関連記事:労働時間内の休憩に関する注意点|休憩時間に関するQ&A付き
3-1. 会社都合の移動時間は、中抜けに含まない
1つ目の注意点は「会社都合の移動時間は、中抜けに含まない」です。
中抜けの発生が会社都合であったとしても、従業員の都合であったとしても、中抜けの時間は従業員の私的な時間です。
そのため、中抜けするための移動時間に企業が業務をするように命じた場合、労働時間とみなされるので中抜けには含みません。
3-2. 中抜けの対応手順を決めておく
2つ目の注意点は「中抜けの対応手順はあらかじめ決めておく」です。
勤怠管理上の中抜けの扱いは、休憩時間や有給休暇に関する理解が求められるなど、非常に複雑です。中抜けを導入する前に、中抜けの対応手順を決めていない場合、人事担当者の業務が煩雑化する原因となります。
また、業務の煩雑化だけでなく、給与計算にも影響を及ぼすため、中抜けを導入する際は事前に対応手順を決めておくことが望ましいです。

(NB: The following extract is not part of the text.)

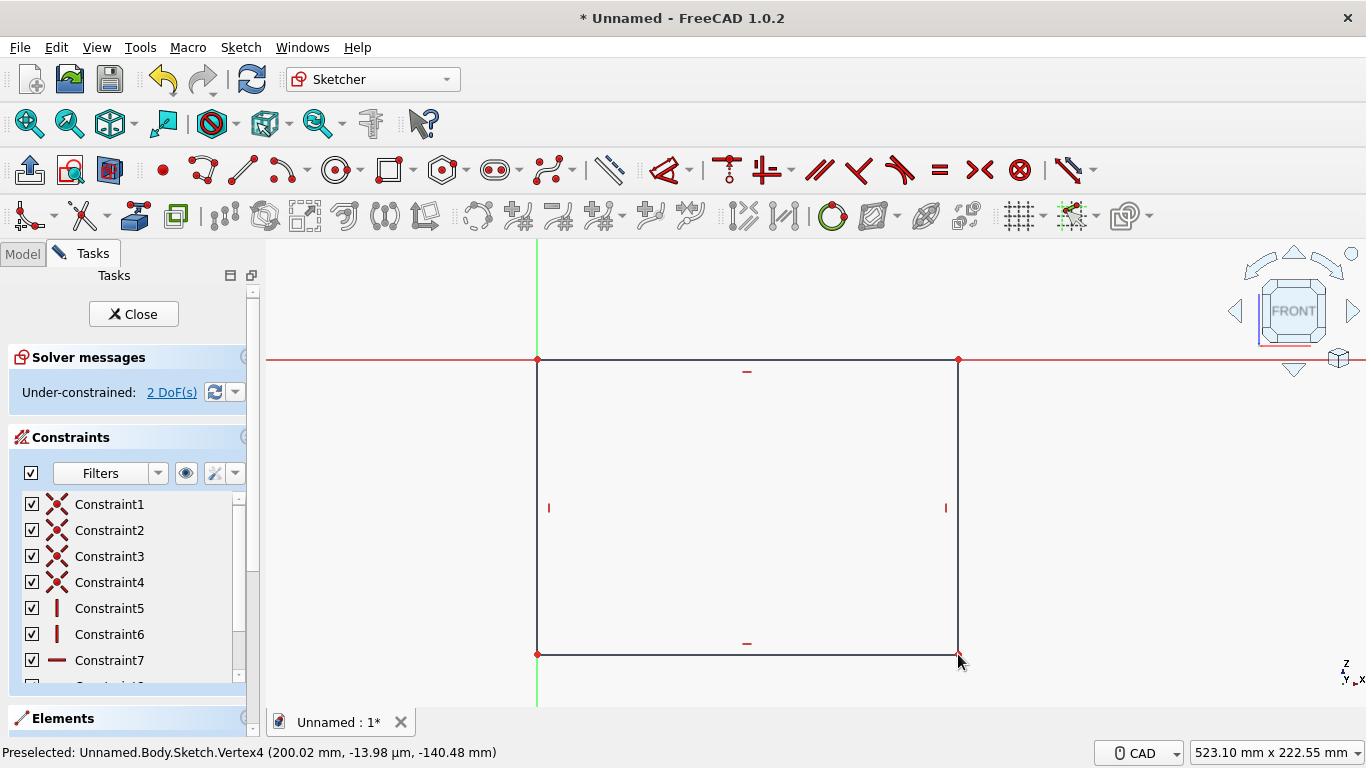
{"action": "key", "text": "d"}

ここまで、中抜けを導入・運用するうえでの注意点について解説しました。中抜けは従業員の労働時間・給与計算に関わってくるため、誤った勤怠管理をしてしまうと、従業員とのトラブルに発展する可能性が高いです。ここで、解説した注意点を意識して、適切に勤怠管理をおこないましょう。
4. 中抜けに関する「よくある疑問」
ここでは、中抜けに関する「よくある疑問」について解説します。
4-1. 中抜けシフトは労働基準法違反なのか?
中抜けシフトは労働基準法違反ではありません。
中抜けシフトがあったとしても、適正に休憩時間が付与されている場合は労働基準法違反にはなりません。
また、中抜けの時間が拘束時間であると思っている方も多いしょう。しかし、中抜け中は従業員の私的な時間という扱いのため、注意が必要です。
関連記事:労基法違反?休憩時間について人事が知っておくべきこと
4-2. 残業中に中抜けした場合、割増賃金は支払う?
残業中に従業員が中抜けしたとしても、中抜けしている時間に関しては割増賃金は払う必要はありません。
しかし、従業員が中抜けから帰ってきて22時を過ぎている場合は、その22時以降の労働に関しては割増賃金を支払う必要があります。
4-3. フレックスタイム制の場合、中抜けはどう扱う?
フレックスタイム制の従業員に関しては、一部の場合を除いて、自由に中抜けすることができます。フレックスタイム制とは、「清算期間」と呼ばれる一定期間内であれば、事前に決められた総労働時間の範囲で、従業員が自由に始業・終業時刻を決められるという制度です。
フレックスタイム制の場合は、中抜けをおこなった場合であっても、清算期間内での労働時間を調整することができます。
しかし、フレックスタイム制であっても、コアタイム中に中抜けする場合は事前に申請をする必要があるため、注意が必要です。
5. 中抜けに関する規則を明確に定め、法令に遵守した職場づくりを!
本記事では、中抜けの種類や導入する際の注意点、勤怠管理上の扱い方について解説しました。中抜けは種類や扱いが複数あるため、非常に複雑です。しかし、管理方法を誤ってしまうと、給与計算に影響が出てきてしまうため、従業員とのトラブルに繋がってしまう可能性が高いです。
今回の記事の内容を踏まえて、中抜けに対する理解を深め、法令に遵守した職場づくりを心掛けましょう!